The Pigeon HAS to Go to School!
- Author: Mo Willems
- Cover artist: Willems
- Language: English
- Genre: Children's book
- Published: July 2, 2019
- Publisher: Hyperion Books for Children
- Publication place: United States
- Pages: 40
- ISBN: 9781368046459
- Preceded by: The Pigeon Needs a Bath!
- Followed by: The Pigeon Will Ride the Roller Coaster!

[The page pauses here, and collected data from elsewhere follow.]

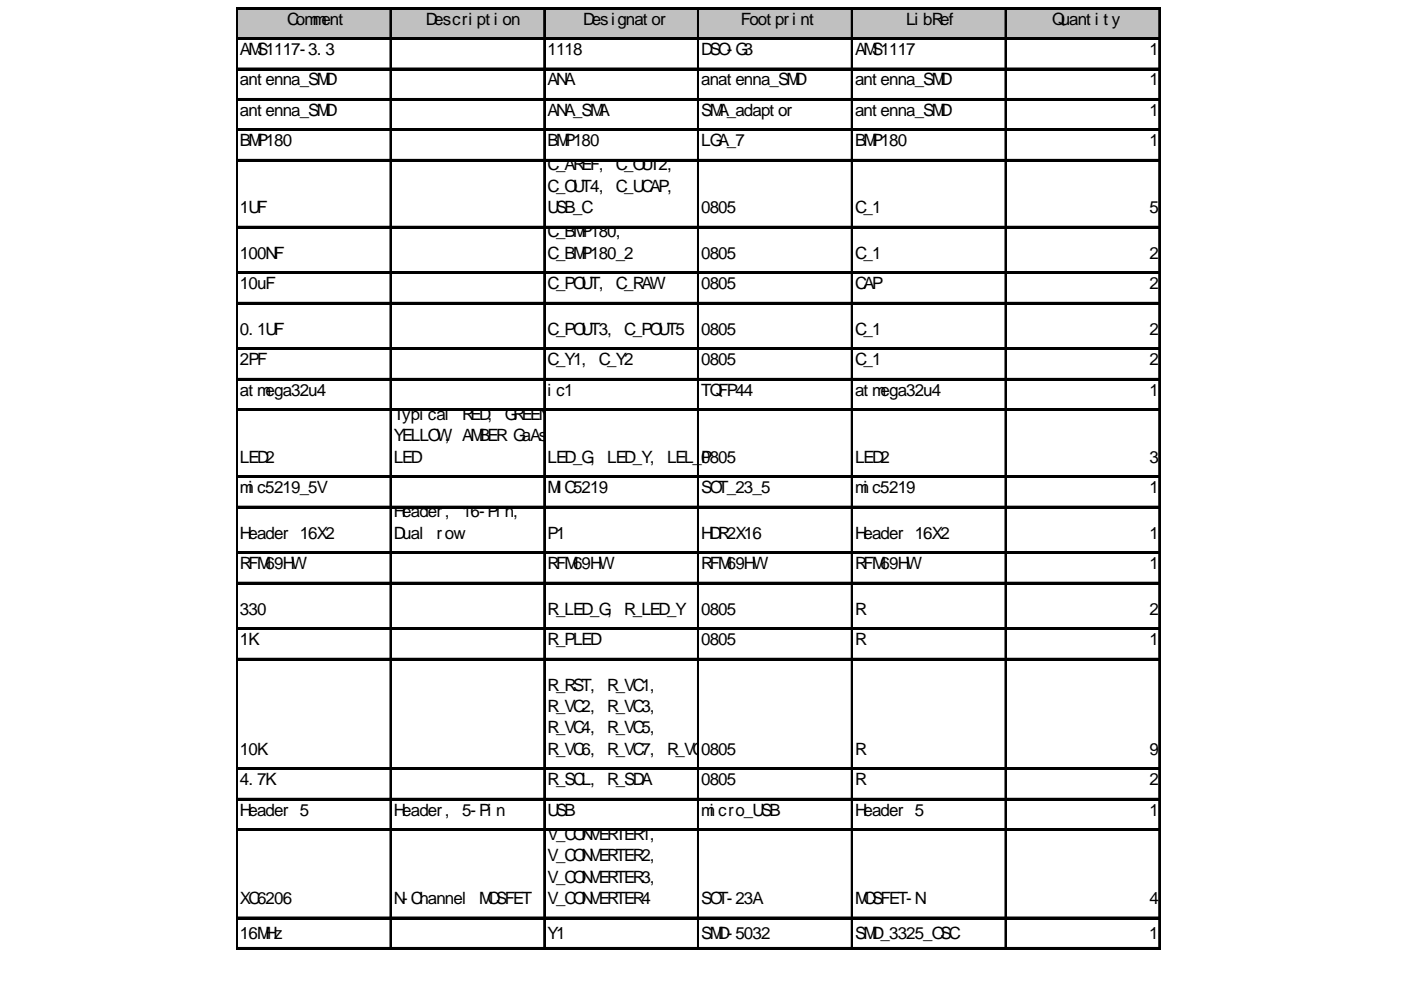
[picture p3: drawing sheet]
<svg xmlns="http://www.w3.org/2000/svg" width="297mm" height="210mm" viewBox="0 0 297 210" stroke-linecap="round" stroke-linejoin="round" font-family="sans-serif">
<defs><g id="words">
<g font-size="3.6">
<text x="60.9" y="5.2">Comment</text>
<text x="90.3" y="5.2">Descri pt i on</text>
<text x="123.7" y="5.2">Designat or</text>
<text x="157.1" y="5.2">Foot pr i nt</text>
<text x="192.1" y="5.2">Li bRef</text>
<text x="223.1" y="5.2">Quant i t y</text>
<text x="50.9" y="11.7">AMS1117- 3. 3</text>
<text x="116.1" y="11.7">1118</text>
<text x="148.7" y="11.7">DSO- G3</text>
<text x="181.3" y="11.7">AMS1117</text>
<text x="243.7" y="11.7">1</text>
<text x="50.9" y="18.1">ant enna_SMD</text>
<text x="116.1" y="18.1">ANA</text>
<text x="148.7" y="18.1">anat enna_SMD</text>
<text x="181.3" y="18.1">ant enna_SMD</text>
<text x="243.7" y="18.1">1</text>
<text x="50.9" y="24.6">ant enna_SMD</text>
<text x="116.1" y="24.6">ANA_SMA</text>
<text x="148.7" y="24.6">SMA_adapt or</text>
<text x="181.3" y="24.6">ant enna_SMD</text>
<text x="243.7" y="24.6">1</text>
<text x="50.9" y="31">BMP180</text>
<text x="116.1" y="31">BMP180</text>
<text x="148.7" y="31">LGA_7</text>
<text x="181.3" y="31">BMP180</text>
<text x="243.7" y="31">1</text>
<text x="116.1" y="36.1">C_AREF,</text>
<text x="116.1" y="40.7">C_OUT4,</text>
<text x="130.6" y="36.1">C_OUT2,</text>
<text x="130.6" y="40.7">C_UCAP,</text>
<text x="50.9" y="45.2">1UF</text>
<text x="116.1" y="45.2">USB_C</text>
<text x="148.7" y="45.2">0805</text>
<text x="181.3" y="45.2">C_1</text>
<text x="243.7" y="45.2">5</text>
<text x="116.1" y="50.3">C_BMP180,</text>
<text x="50.9" y="54.9">100NF</text>
<text x="116.1" y="54.9">C_BMP180_2</text>
<text x="148.7" y="54.9">0805</text>
<text x="181.3" y="54.9">C_1</text>
<text x="243.7" y="54.9">2</text>
<text x="50.9" y="61.3">10uF</text>
<text x="116.1" y="61.3">C_POUT,</text>
<text x="130.6" y="61.3">C_RAW</text>
<text x="148.7" y="61.3">0805</text>
<text x="181.3" y="61.3">CAP</text>
<text x="243.7" y="61.3">2</text>
<text x="50.9" y="71">0. 1UF</text>
<text x="116.1" y="71">C_POUT3,</text>
<text x="132.4" y="71">C_POUT5</text>
<text x="148.7" y="71">0805</text>
<text x="181.3" y="71">C_1</text>
<text x="243.7" y="71">2</text>
<text x="50.9" y="77.5">2PF</text>
<text x="116.1" y="77.5">C_Y1,</text>
<text x="126.9" y="77.5">C_Y2</text>
<text x="148.7" y="77.5">0805</text>
<text x="181.3" y="77.5">C_1</text>
<text x="243.7" y="77.5">2</text>
<text x="50.9" y="83.9">at mega32u4</text>
<text x="116.1" y="83.9">i c1</text>
<text x="148.7" y="83.9">TQFP44</text>
<text x="181.3" y="83.9">at mega32u4</text>
<text x="243.7" y="83.9">1</text>
<text x="83.5" y="89">Typi cal</text>
<text x="98" y="89">RED,</text>
<text x="107" y="89">GREEN,</text>
<text x="83.5" y="93.6">YELLOW,</text>
<text x="98" y="93.6">AMBER GaAs</text>
<text x="50.9" y="98.1">LED2</text>
<text x="83.5" y="98.1">LED</text>
<text x="116.1" y="98.1">LED_G,</text>
<text x="128.7" y="98.1">LED_Y,</text>
<text x="141.4" y="98.1">LEL_</text>
<text x="148.7" y="98.1">P</text>
<text x="148.7" y="98.1">0805</text>
<text x="181.3" y="98.1">LED2</text>
<text x="243.7" y="98.1">3</text>
<text x="50.9" y="104.6">mi c5219_5V</text>
<text x="116.1" y="104.6">MI C5219</text>
<text x="148.7" y="104.6">SOT_23_5</text>
<text x="181.3" y="104.6">mi c5219</text>
<text x="243.7" y="104.6">1</text>
<text x="83.5" y="109.7">Header ,</text>
<text x="98" y="109.7">16- Pi n,</text>
<text x="50.9" y="114.2">Header 16X2</text>
<text x="83.5" y="114.2">Dual</text>
<text x="92.5" y="114.2">r ow</text>
<text x="116.1" y="114.2">P1</text>
<text x="148.7" y="114.2">HDR2X16</text>
<text x="181.3" y="114.2">Header 16X2</text>
<text x="243.7" y="114.2">1</text>
<text x="50.9" y="120.7">RFM69HW</text>
<text x="116.1" y="120.7">RFM69HW</text>
<text x="148.7" y="120.7">RFM69HW</text>
<text x="181.3" y="120.7">RFM69HW</text>
<text x="243.7" y="120.7">1</text>
<text x="50.9" y="130.4">330</text>
<text x="116.1" y="130.4">R_LED_G,</text>
<text x="132.4" y="130.4">R_LED_Y</text>
<text x="148.7" y="130.4">0805</text>
<text x="181.3" y="130.4">R</text>
<text x="243.7" y="130.4">2</text>
<text x="50.9" y="136.8">1K</text>
<text x="116.1" y="136.8">R_PLED</text>
<text x="148.7" y="136.8">0805</text>
<text x="181.3" y="136.8">R</text>
<text x="243.7" y="136.8">1</text>
<text x="116.1" y="146.4">R_RST,</text>
<text x="128.7" y="146.4">R_VC1,</text>
<text x="116.1" y="151">R_VC2,</text>
<text x="116.1" y="155.5">R_VC4,</text>
<text x="128.7" y="151">R_VC3,</text>
<text x="128.7" y="155.5">R_VC5,</text>
<text x="50.9" y="160">10K</text>
<text x="116.1" y="160">R_VC6,</text>
<text x="128.7" y="160">R_VC7,</text>
<text x="141.4" y="160">R_VC8805</text>
<text x="148.7" y="160">0</text>
<text x="181.3" y="160">R</text>
<text x="243.7" y="160">9</text>
<text x="50.9" y="166.5">4. 7K</text>
<text x="116.1" y="166.5">R_SCL,</text>
<text x="128.7" y="166.5">R_SDA</text>
<text x="148.7" y="166.5">0805</text>
<text x="181.3" y="166.5">R</text>
<text x="243.7" y="166.5">2</text>
<text x="50.9" y="172.9">Header 5</text>
<text x="83.5" y="172.9">Header ,</text>
<text x="98" y="172.9">5- Pi n</text>
<text x="116.1" y="172.9">USB</text>
<text x="148.7" y="172.9">mi cro_USB</text>
<text x="181.3" y="172.9">Header 5</text>
<text x="243.7" y="172.9">1</text>
<text x="116.1" y="178.1">V_CONVERTER1,</text>
<text x="116.1" y="182.6">V_CONVERTER2,</text>
<text x="50.9" y="191.7">XC6206</text>
<text x="83.5" y="191.7">N- Channel</text>
<text x="101.6" y="191.7">MOSFET</text>
<text x="116.1" y="187.1">V_CONVERTER3,</text>
<text x="116.1" y="191.7">V_CONVERTER4</text>
<text x="148.7" y="191.7">SOT- 23A</text>
<text x="181.3" y="191.7">MOSFET- N</text>
<text x="243.7" y="191.7">4</text>
<text x="50.9" y="199">16MHz</text>
<text x="116.1" y="199">Y1</text>
<text x="148.7" y="199">SMD- 5032</text>
<text x="181.3" y="199">SMD_3325_OSC</text>
<text x="243.6" y="199">1</text>
</g>
</g></defs>
<path d="M50.4 1.9h195.5v6.3h-195.5z" fill="#c0c0c0"/>
<g fill="none" stroke="#000" stroke-width=".21">
<path d="M50.1 1.5v199.8M50.5 1.5h195.6M50.5 8h195.6M50.5 14.4h195.6M82.7 1.9v199.4M115.3 1.9v199.4M147.9 1.9v199.4M180.5 1.9v199.4M213.1 1.9v199.4M245.7 1.9v199.4M50.5 20.9h195.6M50.5 27.3h195.6"/>
<path d="M50.5 33.8h195.6M50.5 48h195.6M50.5 57.6h195.6M50.5 64.1h195.6M50.5 73.8h195.6M50.5 80.2h195.6M50.5 86.7h195.6M50.5 100.9h195.6M50.5 107.3h195.6M50.5 117h195.6M50.5 123.4h195.6M50.5 133.1h195.6"/>
<path d="M50.5 139.6h195.6M50.5 162.8h195.6M50.5 169.3h195.6M50.5 175.7h195.6M50.5 194.4h195.6M50.5 200.9h195.6"/>
</g>
<path d="M50.3 1.5v199.8M82.9 1.9v199.4M115.5 1.9v199.4M148.1 1.9v199.4M180.7 1.9v199.4M213.3 1.9v199.4M245.9 1.9v199.4" fill="none" stroke="#000" stroke-width=".39"/>
<g fill="none" stroke="#000" stroke-width=".43">
<path d="M50.5 1.7h195.6M50.5 8.2h195.6M50.5 14.6h195.6M50.5 21.1h195.6M50.5 27.6h195.6M50.5 34h195.6M50.5 48.2h195.6M50.5 57.9h195.6M50.5 64.3h195.6M50.5 74h195.6M50.5 80.4h195.6M50.5 86.9h195.6"/>
<path d="M50.5 101.1h195.6M50.5 107.5h195.6M50.5 117.2h195.6M50.5 123.7h195.6M50.5 133.3h195.6M50.5 139.8h195.6M50.5 163h195.6M50.5 169.5h195.6M50.5 175.9h195.6M50.5 194.6h195.6M50.5 201.1h195.6"/>
</g>
<use href="#words"/>
</svg>

= The Pigeon HAS to Go to School! =

Children's book by Mo Willems

The Pigeon HAS to Go to School! is a children's book written and illustrated by Mo Willems. Published by Hyperion Books for Children in 2019, it is about a pigeon who must go to school, but frets about math, learning the alphabet, heavy backpacks, and what the teacher and other birds would think of him.

==Reception==
Kirkus Book Reviews wrote: "All the typical worries and excuses kids have about school are filtered through Willems’ hysterical, bus-loving Pigeon." and "Yes, the Pigeon has to go to school, and so do readers, and this book will surely ease the way."

==Film adaptation==
An animated short film based on the book was released in 2019 (the same year the book was released) by Weston Woods Studios, with narration by Willems and the additional voices of students from Side by Side School in Norwalk, CT. The film runs for 8 minutes and 20 seconds. It was directed by Pete List.